Tonya Blazio-Licorish, archives content developer at Penske Media Corporation, the parent company to Sourcing Journal, also observed a similarity between the two iterations of the Schiaparelli brand, particularly between the women Elsa Schiaparelli worked with in her day and the celebrities wearing Schiaparelli today.
“I feel like Lady Gaga is almost like a Mae West of the moment,” Blazio-Licorish said. “Mae West was… this woman who was self-expressing…. They’re not the same, but it’s kind of like a similar kind of idea. And the women that [Roseberry’s] dressing are the same kind of women that… would have been connected to Elsa herself, these women who want to self-express.”

Both Deihl and Ku noted the particular success of the brand’s most recent designs. The original relaunch—Roseberry marks the fashion house’s third creative leader since its resurrection— “didn’t really have anything distinguishing about it,” Deihl said. On the other hand, the current, more successful formula, she noted, does not just copy the past, but refers to the heyday through a modern reinterpretation.
“It feels like a skillful excavation of some themes, some details, some references to the original house that makes sense, without being just retrospective,” Deihl continued. “It feels relevant. Like the scale is different. The scale of the accessories, the scale of the silhouettes of the garment are a lot more adventurous than they would have been under Schiaparelli, but somehow the re-visitation feels right for now.”
While Deihl declined to nail down when exactly the new Schiaparelli house hit its stride, Ku highlighted Roseberry’s work in particular. “It’s like a magical collaboration between Roseberry and Schiaparelli’s legacy,” Ku said.

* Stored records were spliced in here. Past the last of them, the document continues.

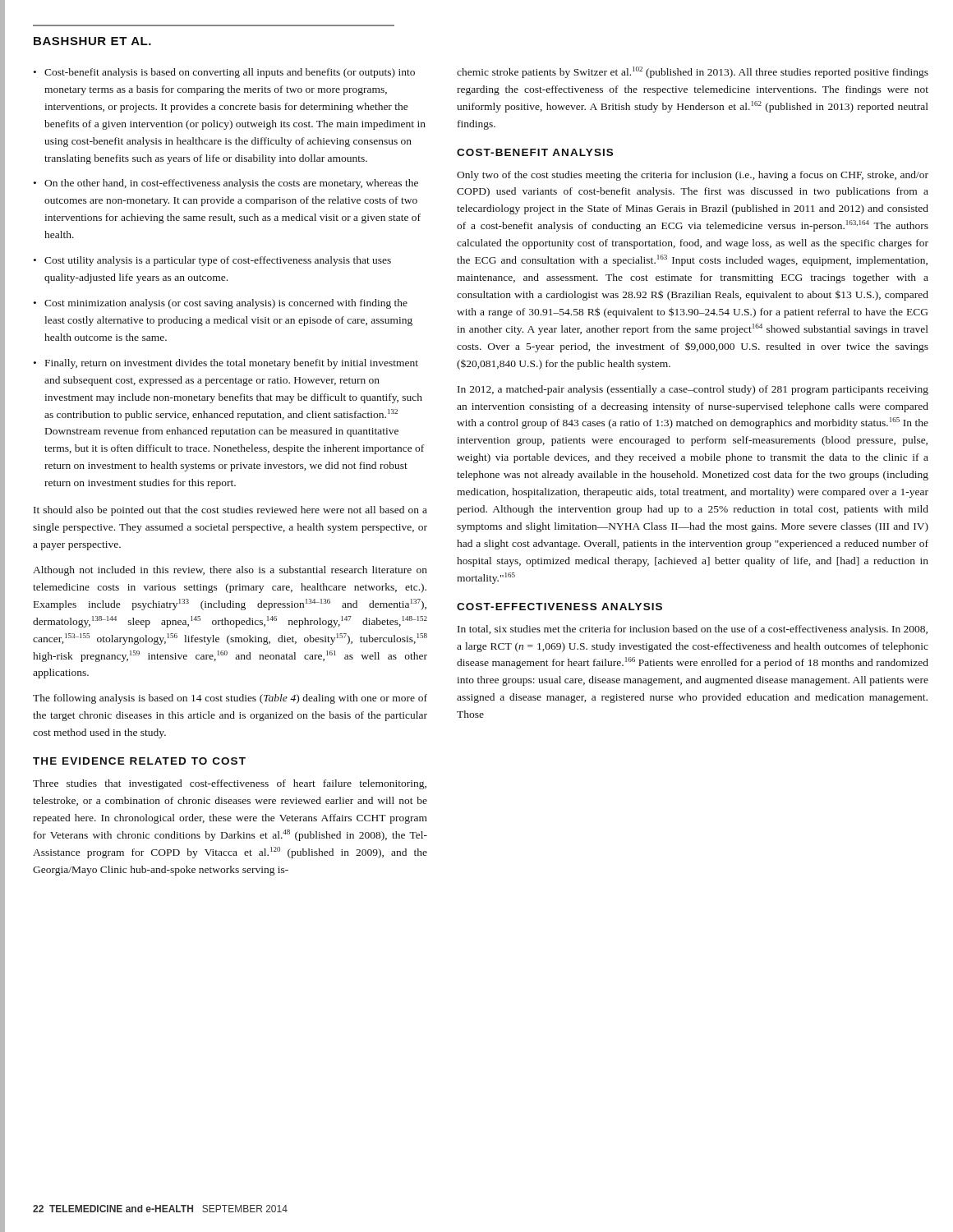The height and width of the screenshot is (1232, 953).
Task: Click on the list item that says "Cost utility analysis is a"
Action: pyautogui.click(x=218, y=269)
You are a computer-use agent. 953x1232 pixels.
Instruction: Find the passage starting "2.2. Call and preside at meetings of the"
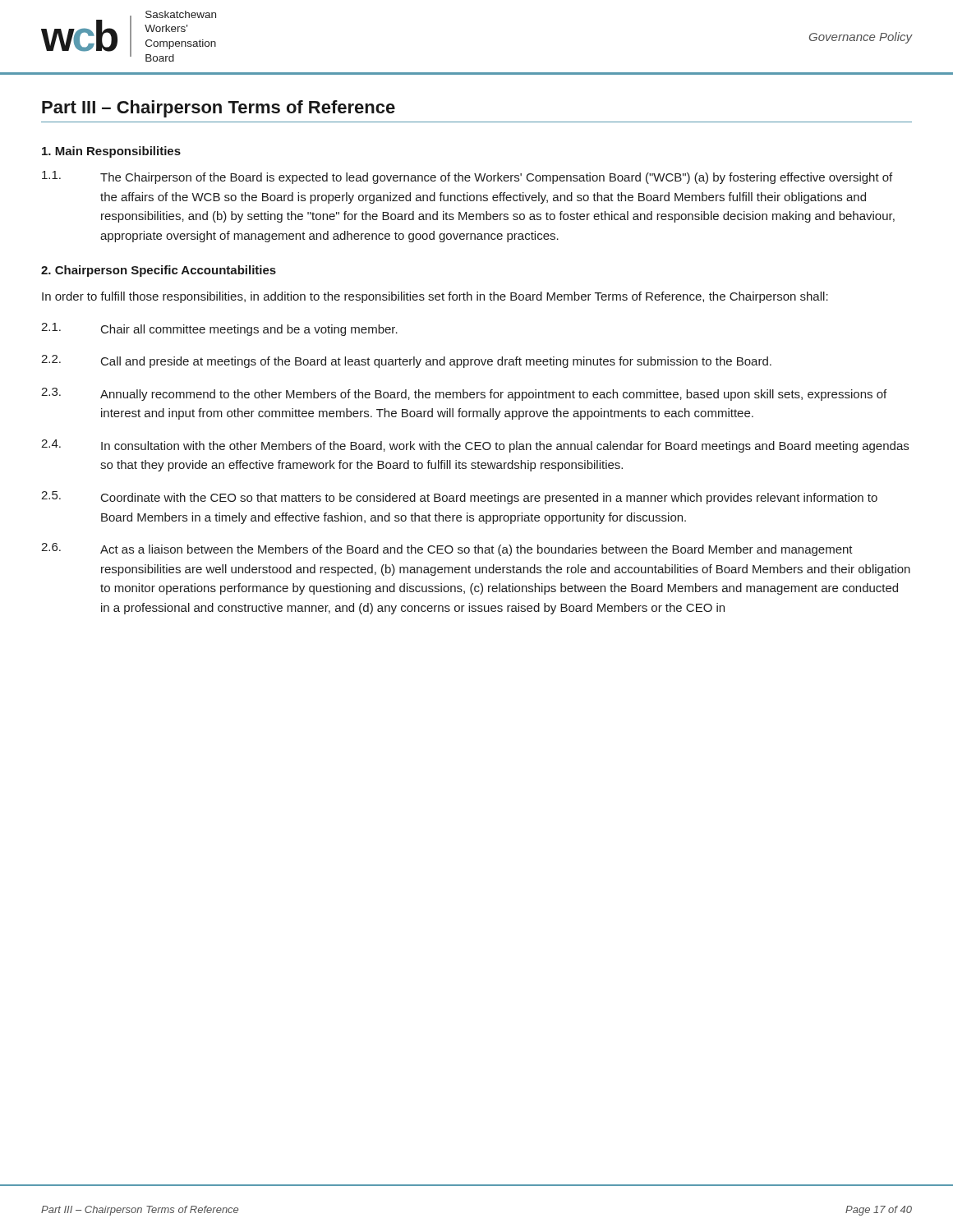point(476,361)
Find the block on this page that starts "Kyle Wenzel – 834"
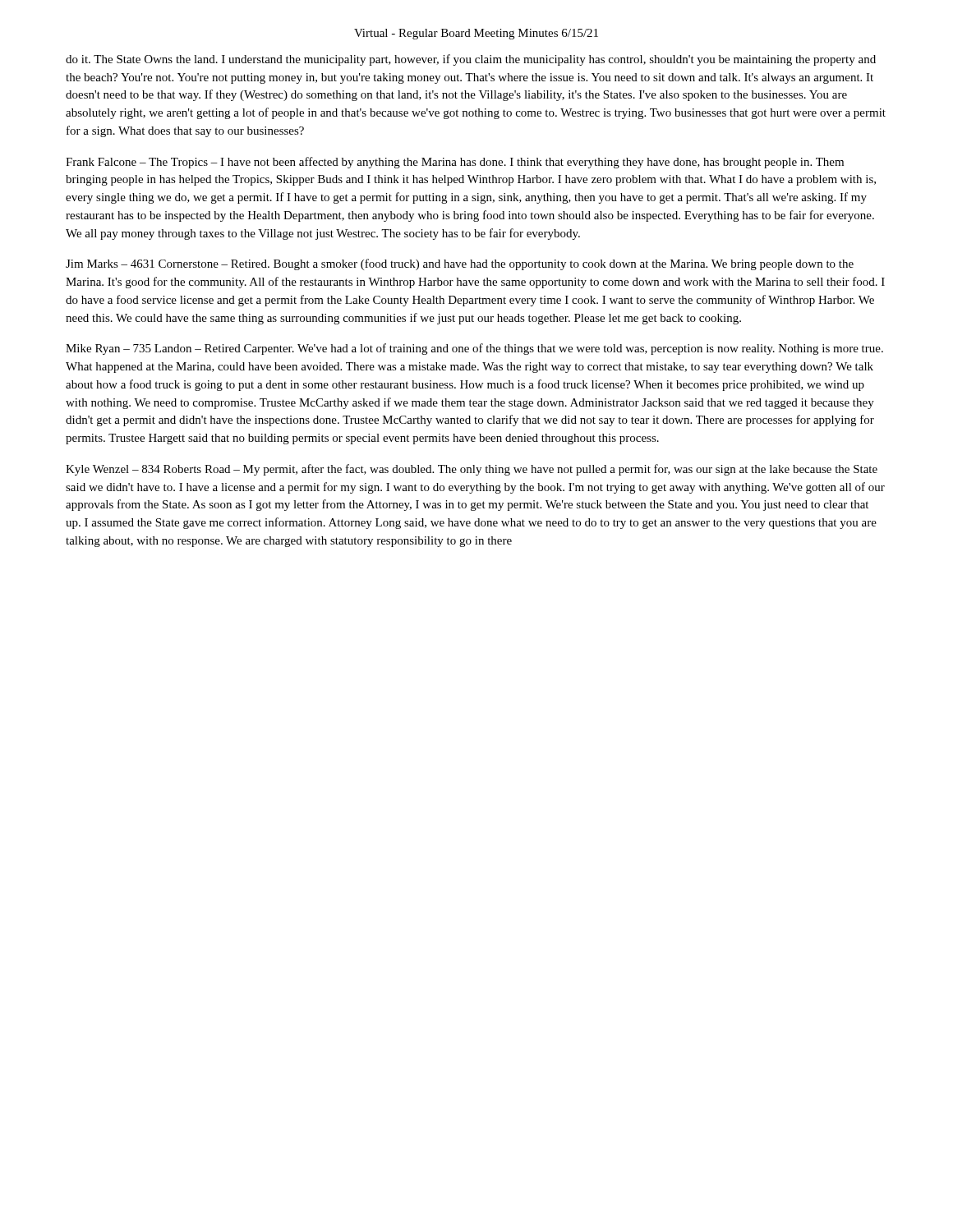The width and height of the screenshot is (953, 1232). pos(475,505)
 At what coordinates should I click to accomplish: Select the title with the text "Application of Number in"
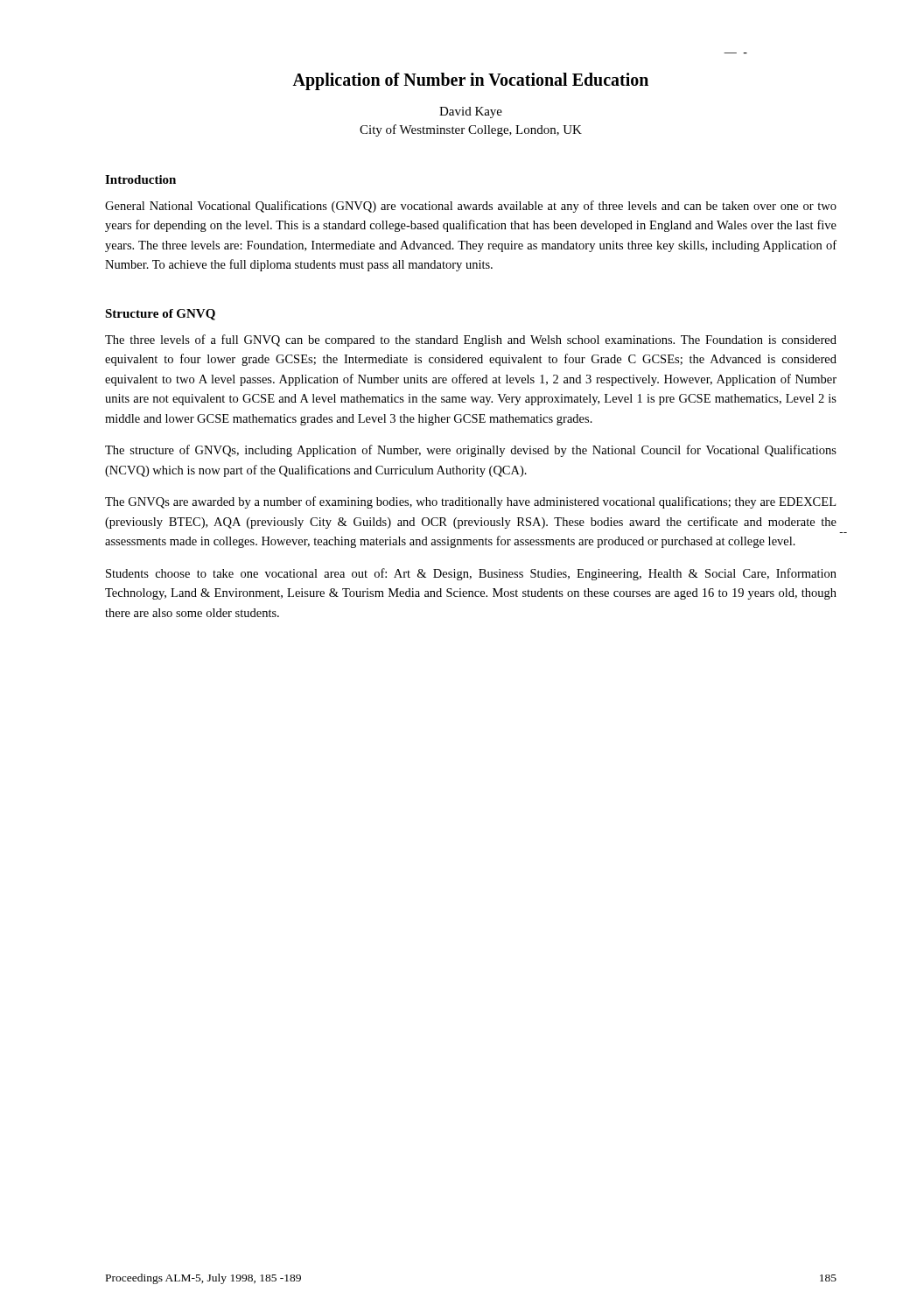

“I think that he’s going to be one of the major players in the couture world,” Ku continued. “It’s because he understands the successful elements of Schiaparelli’s design in combining really impeccable tailoring with dramatic shapes and whimsical details.”
Meeting the moment
Blazio-Licorish noted the similarities between Schiaparelli’s belle epoque—the Great Depression into World War II—and today. “It’s kind of like we’re coming out of Covid and it feels like the same thing,” she said.

“Designers have some room to play artistically because they’re not making big collections, and they’re not having these super fantastical fashion shows with all the hoopla, and I think that that’s part of the influence,” Blazio-Licorish added.
While the pandemic appears to have accelerated casualization trends, particularly within the workplace, Deihl said she thinks people are “hungry for something new” when it comes to special occasions.
“Everybody wants to really climb out… do something fancy,” Deihl said. “I know people that are getting married and they don’t even know where they’re going to get married yet, but they’ve already picked out their clothes. I mean, this is where people’s minds are, so I think definitely in terms of providing a fantasy outlet, yes, I would say… that’s a good positioning for a brand.”